Это внезапное открытие имело свое преимущество. Оказалось, всегда найдется, кому выполнить твою работу за тебя, а это, разумеется, спасает от многих неприятностей. Ну, если за тебя делают работу другие, если тебе не придется выполнять ее самой, то никто и не узнает, что ты не смогла бы хорошо справиться с порученным тебе делом. Так что начинаешь понимать, что ты не такая уж глупышка и не хуже остальных.

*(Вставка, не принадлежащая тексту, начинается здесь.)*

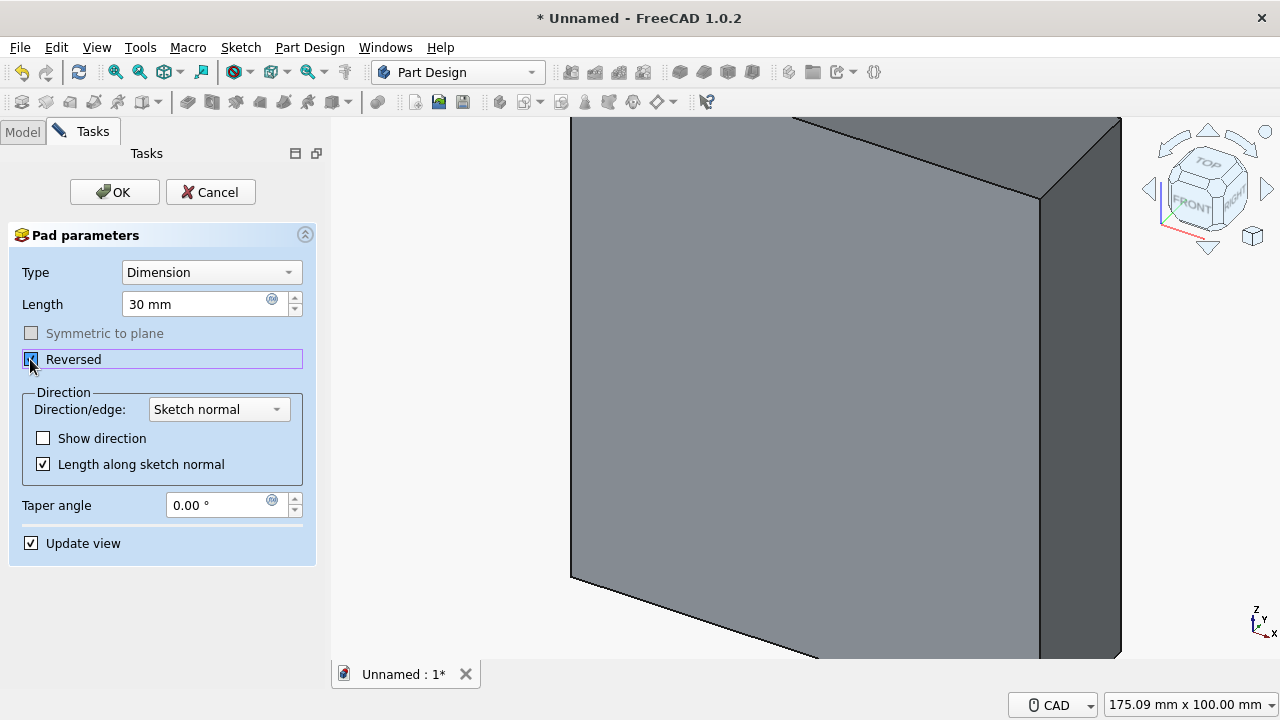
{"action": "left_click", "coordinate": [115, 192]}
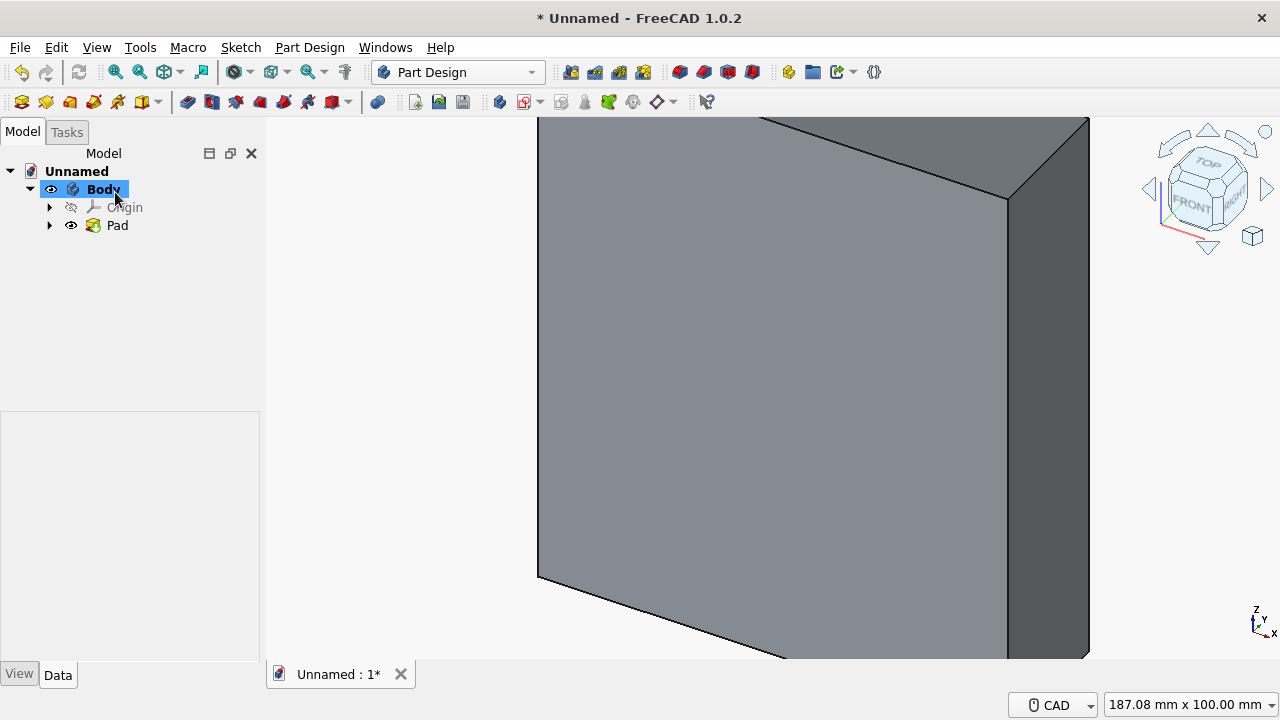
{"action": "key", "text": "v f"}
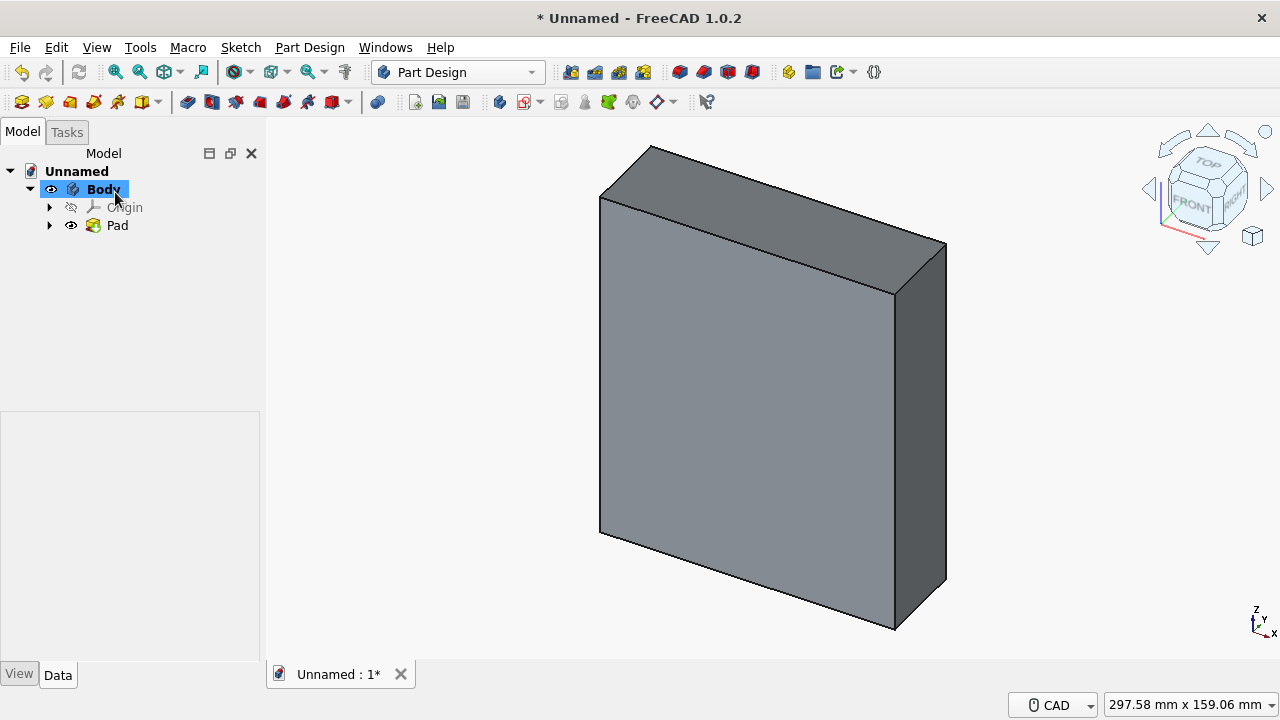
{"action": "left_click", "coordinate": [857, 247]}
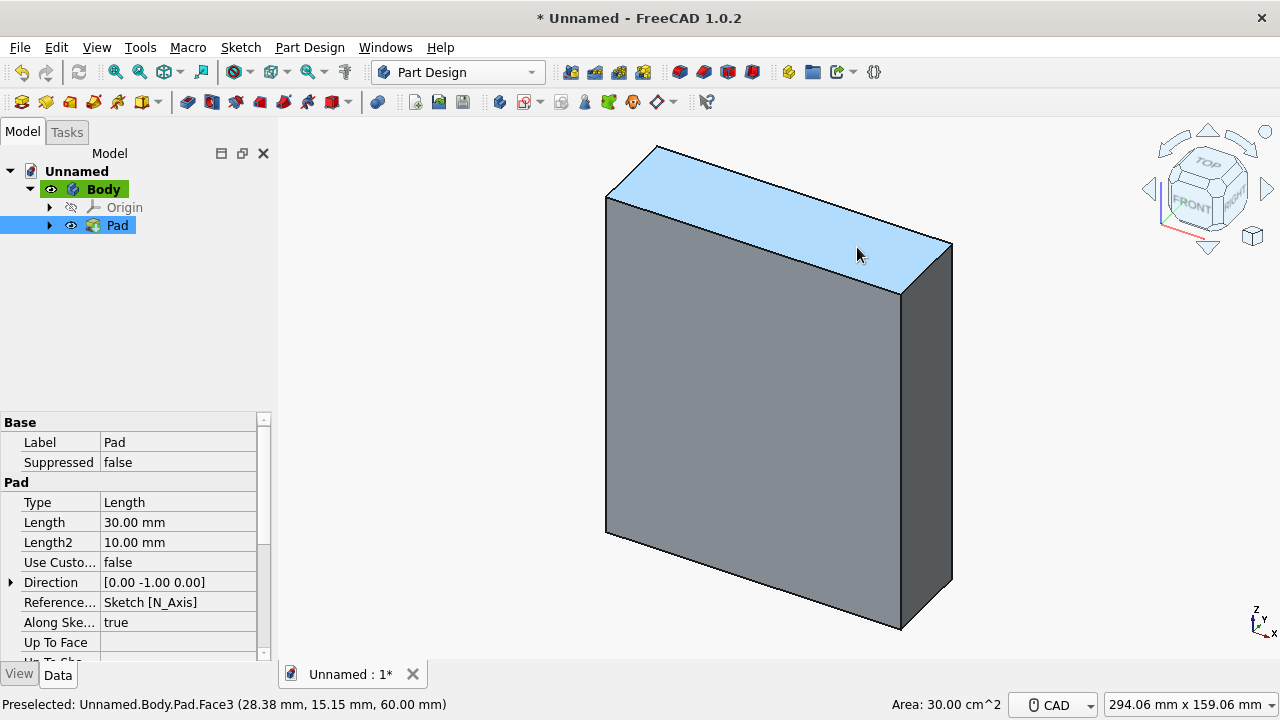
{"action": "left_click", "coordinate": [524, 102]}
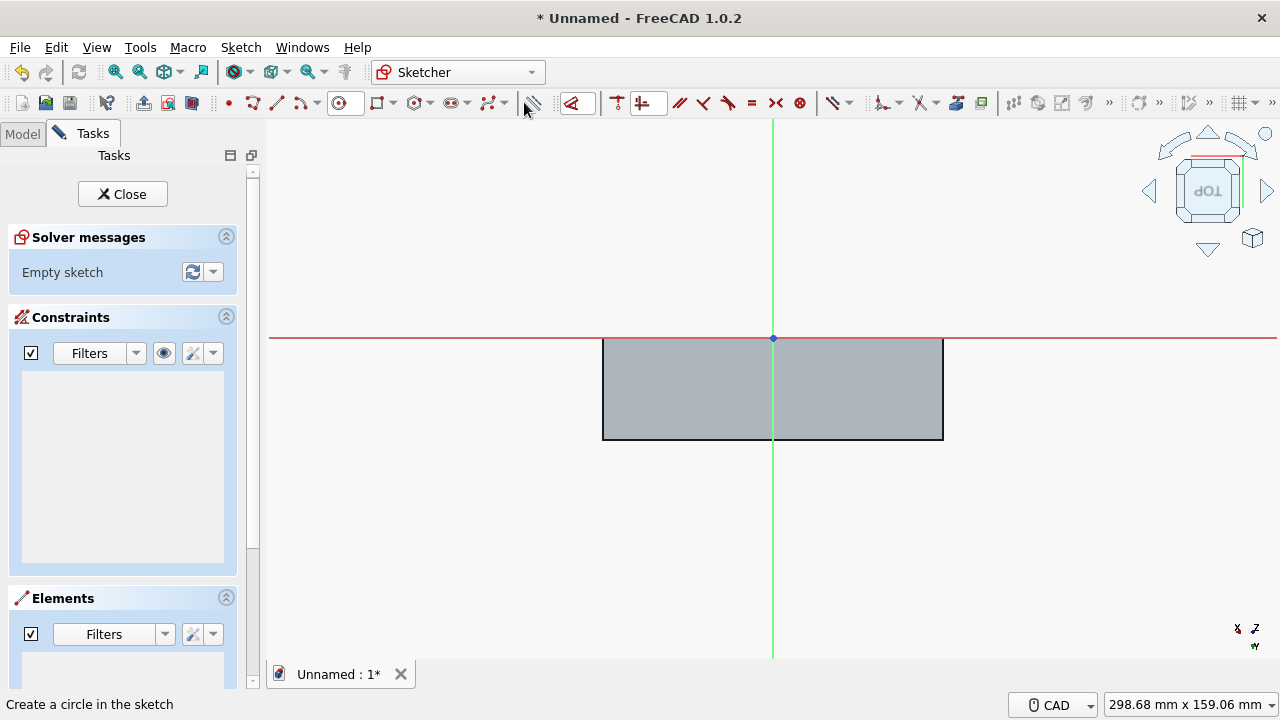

Герда, однако, опасалась, что подобные уловки будут бесполезными в «Лощине». Энкейтллы всегда разговаривали так, что человек чувствовал себя не в своей тарелке. Как Герда их ненавидела! Но Джон… Джону там нравилось. Он возвращался домой не таким утомленным и даже иногда менее раздражительным.
«Милый Джон, – подумала она. – Он просто чудесный! Все так считают. Прекрасный доктор, очень внимательный и добрый к больным. Джон трудится, не щадя своих сил. А как он выкладывается в больнице! Можно сказать, почти бесплатно. Джон так бескорыстен и так благороден».
Она всегда знала, что Джон талантлив и добьется самого высокого положения. И такой человек выбрал именно ее! Хотя мог бы сделать более блестящую партию. Не посмотрел на то, что она нерасторопна, порядком бестолкова и не очень хороша собой. «Ни о чем не беспокойся, Герда, я позабочусь о тебе!» – сказал он твердо, как и подобает настоящему мужчине. И Джон – подумать только! – выбрал именно ее!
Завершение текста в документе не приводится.